Una vida sin espejos

Hay dos maneras de conocerse a uno mismo: la interior y la exterior.
Nos conocemos exteriormente cuando sabemos que somos morenas, altas, con los ojos verdes, o todo lo contrario. Nos conocemos exteriormente cuando tenemos un espejo delante. ¿Y sabes qué? Resulta estúpido, porque nos fiamos de un reflejo que nos dice que somos así, pero, ¿cómo estamos seguros?
Conocerse interiormente es saber quienes somos. ¿Qué más me da saber que soy rubia si mañana puedo despertarme sin pelo, o simpleente, no despertar? Me importa más saber que he aprovechado mi tiempo. Que he reido, he llorado y he gritado hasta quedarme afónica. Para bien o para mal. Me importa más saber que soy buena amiga, que se escuchar y ser paciente, pero también sé sacar las uñas.Que a buenas soy la mejor y a malas, joder, también.

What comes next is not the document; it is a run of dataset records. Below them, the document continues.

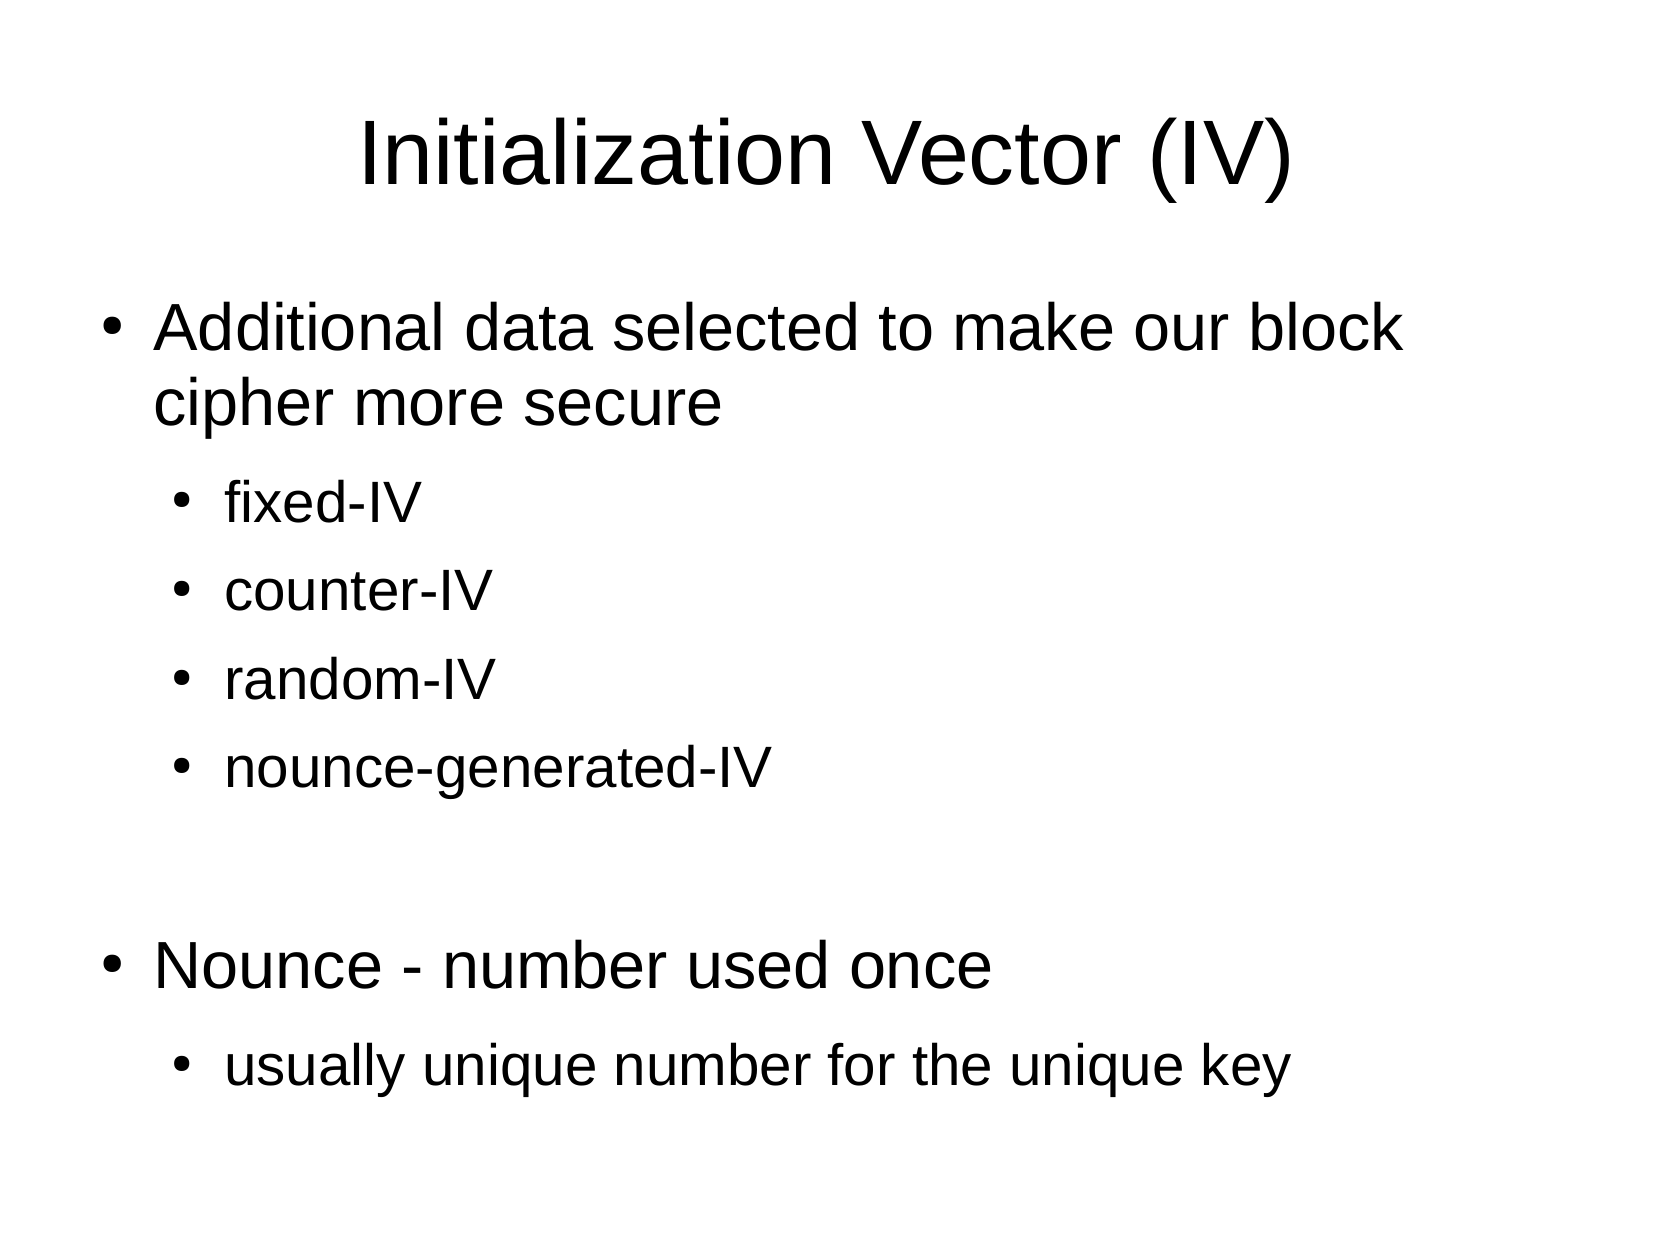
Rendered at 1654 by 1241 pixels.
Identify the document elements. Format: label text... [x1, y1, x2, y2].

list Additional data selected to make our block cipher more secure fixed-IV counter-IV random-IV nounce-generated-IV Nounce - number used once usually unique number for the unique key [82, 290, 1571, 1152]
title Initialization Vector (IV) [82, 49, 1571, 257]
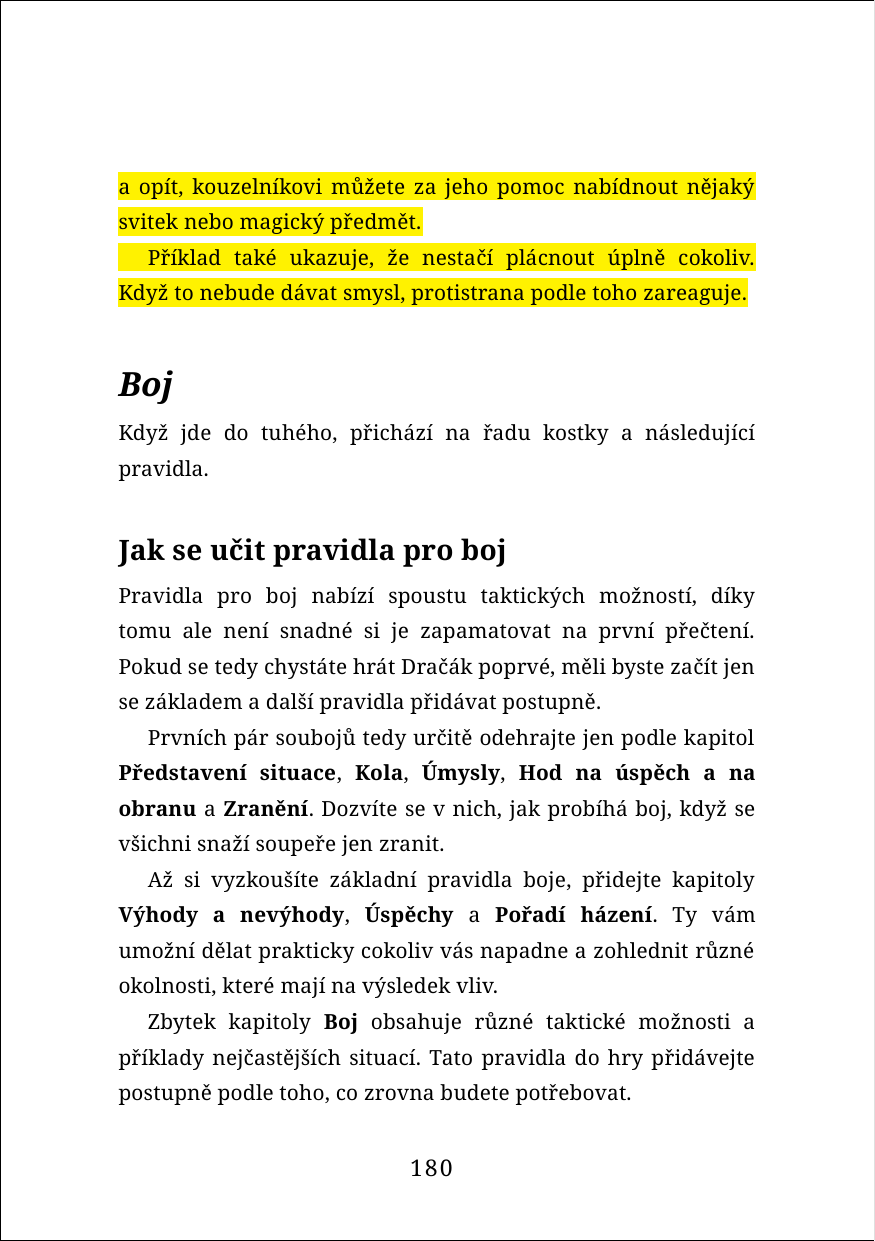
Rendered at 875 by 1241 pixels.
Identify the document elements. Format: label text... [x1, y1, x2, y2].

Al fin y al cabo, la gente me va a recodar por lo que hize, por quien era yo y como hize para ser quien fui. No van a acordarse de si era guapa o de si era gorda, pero sí se van a acordar de que cuando ellos lloraban, yo siempre tenía un pañuelo en la mano.

Si no hubiera espejos, si no nos vieramos la cara reflejada en una superficie deforme, seguiriamos siendo quienes somos. 
Quizas, un poco más nosotros.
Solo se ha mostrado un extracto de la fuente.